De -3,4 à -6,7 % pour le peloton
La première SIIC à donner la mesure de la baisse chez les majors du bureau est Gecina. Son patrimoine majoritairement composé de bureaux prime dans le QCA ne l’a pas immunisée contre un repli des valeurs, même si partiellement compensé par des effets loyers positifs dans les zones centrales (+5 % dans Paris intra-muros et +3 % dans le core du Croissant Ouest). « Le patrimoine bloc ressort à 18,5 Md€ avec une variation de valeur à périmètre constant de -4 % sur six mois et de près de -7 % sur douze mois », annonce Beñat Ortega, directeur général de Gecina. Même constat chez SFL, grandement exposé au prime parisien. « L’évaluation au 30 juin 2023 du patrimoine à dire d’expert est en baisse de -3,4 % à périmètre constant par rapport à l’évaluation du 31 décembre 2022, indique Dimitri Boulte, son directeur général. La variation de valeur des immeubles de placement dégage une perte de 327,8 M€ au premier semestre, contre un produit de 205,4 M€ au premier semestre 2022. La décompression des taux de capitalisation (35 bips en moyenne) et taux d’actualisation (40 bips en moyenne) est en partie compensée par les effets visibles de l’indexation des loyers et de la progression des valeurs locatives dans Paris sur les meilleurs actifs », nuance-t-il.
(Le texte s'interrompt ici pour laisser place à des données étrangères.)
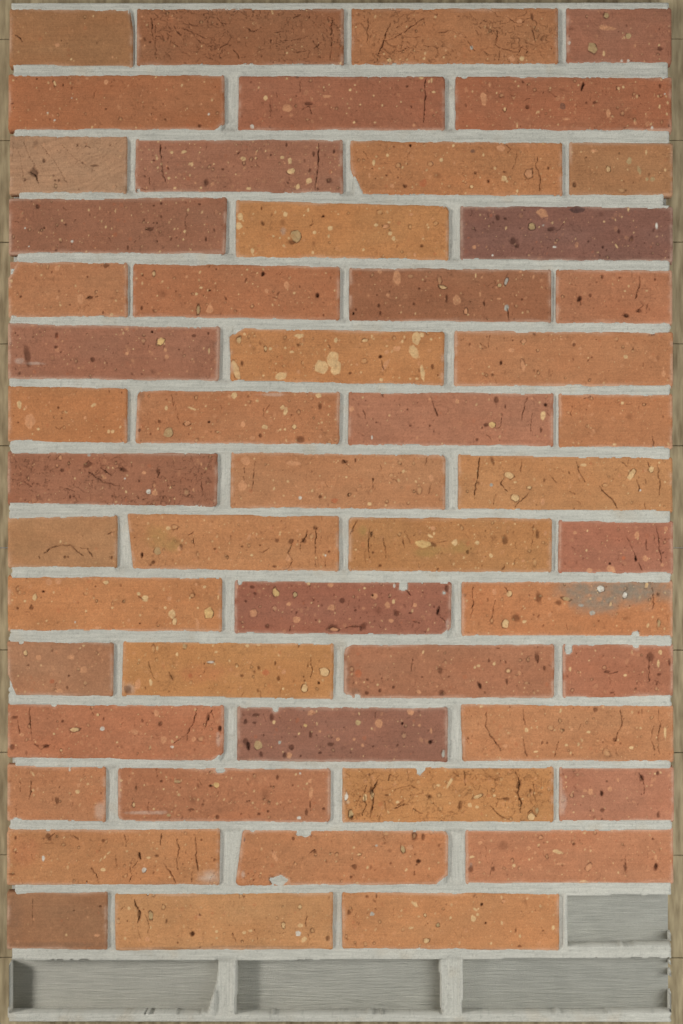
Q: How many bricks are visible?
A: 52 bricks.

Chez STE, dirigé par Christel Zordan, la valeur du patrimoine à périmètre constant s’affiche en baisse de -3,2 % à 1,83 Md€ (et de -6,7 % depuis début 2022). Chez Vitura, Jérôme Anselme, son dirigeant, met en avant le travail d’asset management pour expliquer la limitation de la baisse de valeur des actifs de la foncière cotée, qui s’affiche à -4,6 % (1,44 Md€, vs 1,5 Md€ six mois plus tôt. Pour Covivio, le repli est plus accentué, avec une baisse de -5,5 % à périmètre constant (-7,8 % sur un an). « Dans le même temps, la forte croissance de nos revenus de +7,6 % à périmètre constant nous permet de relever notre perspective de résultat net récurrent 2023 », tempère Christophe Kullmann, son directeur général. Chez Icade, la valeur du portefeuille de la foncière tertiaire est en baisse de -6,7 % à périmètre constant. « Le taux de rendement moyen sur ce portefeuille s’élève à 6,6 % au 30 juin dernier, en hausse de +60 pb, permettant d’offrir une prime de risque attractive par rapport aux taux sans risque, supérieure à 360 pb », souligne Nicolas Joly, nouveau directeur général.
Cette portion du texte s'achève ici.